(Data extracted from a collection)
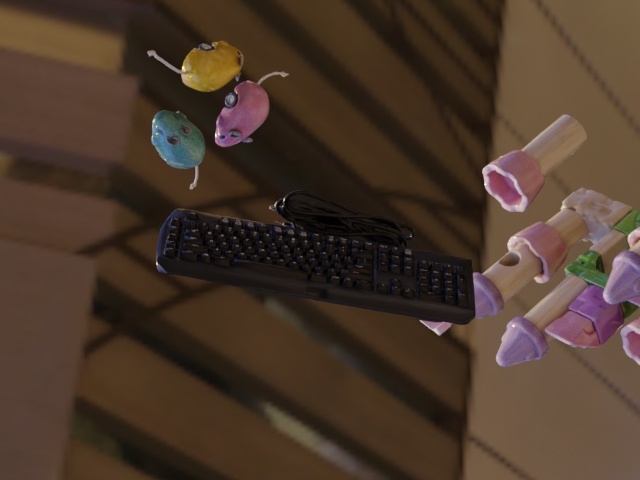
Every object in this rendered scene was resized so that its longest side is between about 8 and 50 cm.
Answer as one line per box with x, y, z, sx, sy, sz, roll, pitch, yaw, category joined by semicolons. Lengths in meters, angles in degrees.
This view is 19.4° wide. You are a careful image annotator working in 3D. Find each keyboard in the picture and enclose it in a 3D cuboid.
0.000;0.000;1.129;0.100;0.192;0.038;-90;12;-63;keyboard

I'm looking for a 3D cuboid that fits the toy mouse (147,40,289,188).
-0.089;-0.099;1.583;0.161;0.031;0.143;-14;-51;-44;toy mouse

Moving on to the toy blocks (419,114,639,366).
0.300;0.077;2.071;0.260;0.289;0.309;-40;-48;-22;toy blocks
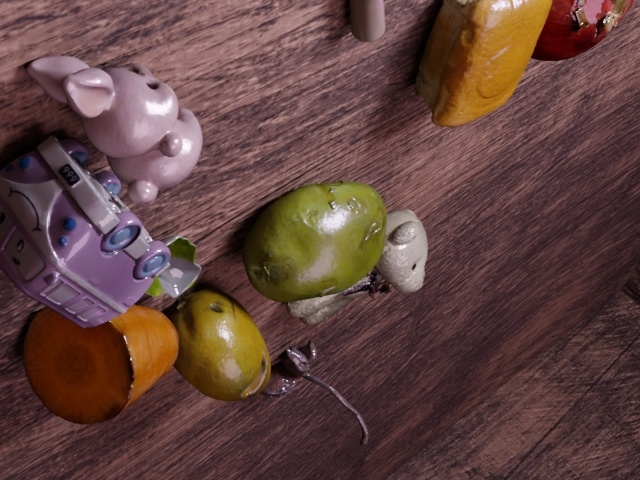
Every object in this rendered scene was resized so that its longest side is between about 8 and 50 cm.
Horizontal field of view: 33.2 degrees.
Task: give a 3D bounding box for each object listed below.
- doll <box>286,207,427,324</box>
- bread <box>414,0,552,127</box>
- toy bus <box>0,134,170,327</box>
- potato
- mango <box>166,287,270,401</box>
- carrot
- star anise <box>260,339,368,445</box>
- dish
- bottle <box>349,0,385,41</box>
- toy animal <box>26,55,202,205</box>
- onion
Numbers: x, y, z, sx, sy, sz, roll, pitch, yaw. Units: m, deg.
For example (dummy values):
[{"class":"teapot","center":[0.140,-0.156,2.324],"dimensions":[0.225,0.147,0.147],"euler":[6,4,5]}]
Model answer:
[{"class":"doll","center":[0.075,0.066,1.873],"dimensions":[0.278,0.149,0.175],"euler":[-35,-169,7]},{"class":"bread","center":[0.233,-0.283,1.562],"dimensions":[0.174,0.121,0.245],"euler":[-29,154,-36]},{"class":"toy bus","center":[-0.264,-0.004,1.143],"dimensions":[0.142,0.142,0.202],"euler":[-37,158,-3]},{"class":"potato","center":[0.000,0.000,1.600],"dimensions":[0.253,0.148,0.186],"euler":[-33,156,-29]},{"class":"mango","center":[-0.147,0.168,1.632],"dimensions":[0.130,0.167,0.262],"euler":[-32,161,3]},{"class":"carrot","center":[-0.259,0.139,1.412],"dimensions":[0.159,0.159,0.225],"euler":[-54,166,20]},{"class":"star anise","center":[0.000,0.312,2.052],"dimensions":[0.148,0.227,0.218],"euler":[-47,169,-14]},{"class":"dish","center":[-0.208,0.032,1.439],"dimensions":[0.091,0.039,0.137],"euler":[-49,158,-5]},{"class":"bottle","center":[0.058,-0.294,1.340],"dimensions":[0.045,0.045,0.096],"euler":[-38,155,-16]},{"class":"toy animal","center":[-0.196,-0.135,1.093],"dimensions":[0.124,0.124,0.212],"euler":[-42,151,-9]},{"class":"onion","center":[0.393,-0.377,1.652],"dimensions":[0.248,0.161,0.248],"euler":[-34,176,-3]}]
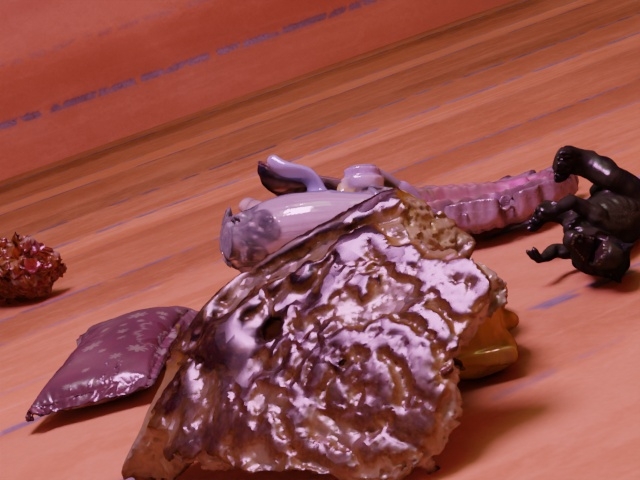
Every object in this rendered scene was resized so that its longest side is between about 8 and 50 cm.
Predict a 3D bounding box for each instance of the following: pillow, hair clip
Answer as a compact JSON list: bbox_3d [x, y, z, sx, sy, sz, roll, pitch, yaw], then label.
[{"bbox_3d":[-0.175,0.098,1.142,0.118,0.043,0.185,-13,13,10],"label":"pillow"},{"bbox_3d":[0.090,-0.038,1.239,0.300,0.069,0.173,0,8,-8],"label":"hair clip"}]

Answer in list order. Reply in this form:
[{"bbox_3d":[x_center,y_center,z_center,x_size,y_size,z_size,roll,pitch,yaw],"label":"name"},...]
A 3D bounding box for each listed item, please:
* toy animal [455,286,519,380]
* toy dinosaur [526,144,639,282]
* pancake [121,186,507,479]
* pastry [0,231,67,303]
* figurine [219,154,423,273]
[{"bbox_3d":[0.098,0.048,0.939,0.083,0.070,0.159,-13,8,13],"label":"toy animal"},{"bbox_3d":[0.253,-0.001,1.040,0.179,0.087,0.187,21,40,7],"label":"toy dinosaur"},{"bbox_3d":[0.000,0.062,0.855,0.257,0.056,0.212,-3,54,30],"label":"pancake"},{"bbox_3d":[-0.370,0.038,1.585,0.169,0.087,0.063,-5,52,47],"label":"pastry"},{"bbox_3d":[0.000,0.000,1.130,0.184,0.128,0.208,1,-11,-32],"label":"figurine"}]
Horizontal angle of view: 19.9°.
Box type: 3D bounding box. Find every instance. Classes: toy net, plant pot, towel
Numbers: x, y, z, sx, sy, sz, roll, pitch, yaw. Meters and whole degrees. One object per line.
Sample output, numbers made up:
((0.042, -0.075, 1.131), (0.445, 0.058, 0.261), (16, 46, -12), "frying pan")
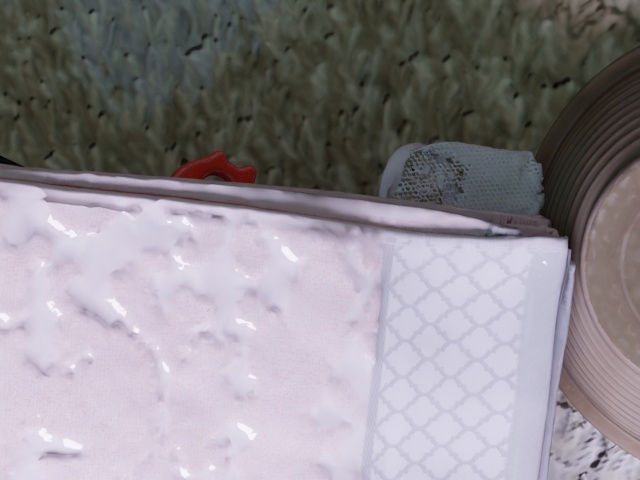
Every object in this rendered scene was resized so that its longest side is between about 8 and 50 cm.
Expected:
((0.000, 0.000, 0.889), (0.232, 0.045, 0.122), (-27, 92, -20), "toy net")
((0.197, 0.009, 0.887), (0.237, 0.110, 0.237), (1, 93, 25), "plant pot")
((-0.042, 0.139, 0.825), (0.053, 0.317, 0.331), (-162, 77, -68), "towel")

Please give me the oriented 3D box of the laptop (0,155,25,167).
((-0.119, 0.218, 0.975), (0.382, 0.236, 0.408), (-46, 75, 21), "laptop")

Work instruction:
Search the entries for the string "Horizontal" and copy each line where it occurs.

Response to the exercise:
Horizontal field of view: 33.2 degrees.
Horizontal angle of view: 19.9°.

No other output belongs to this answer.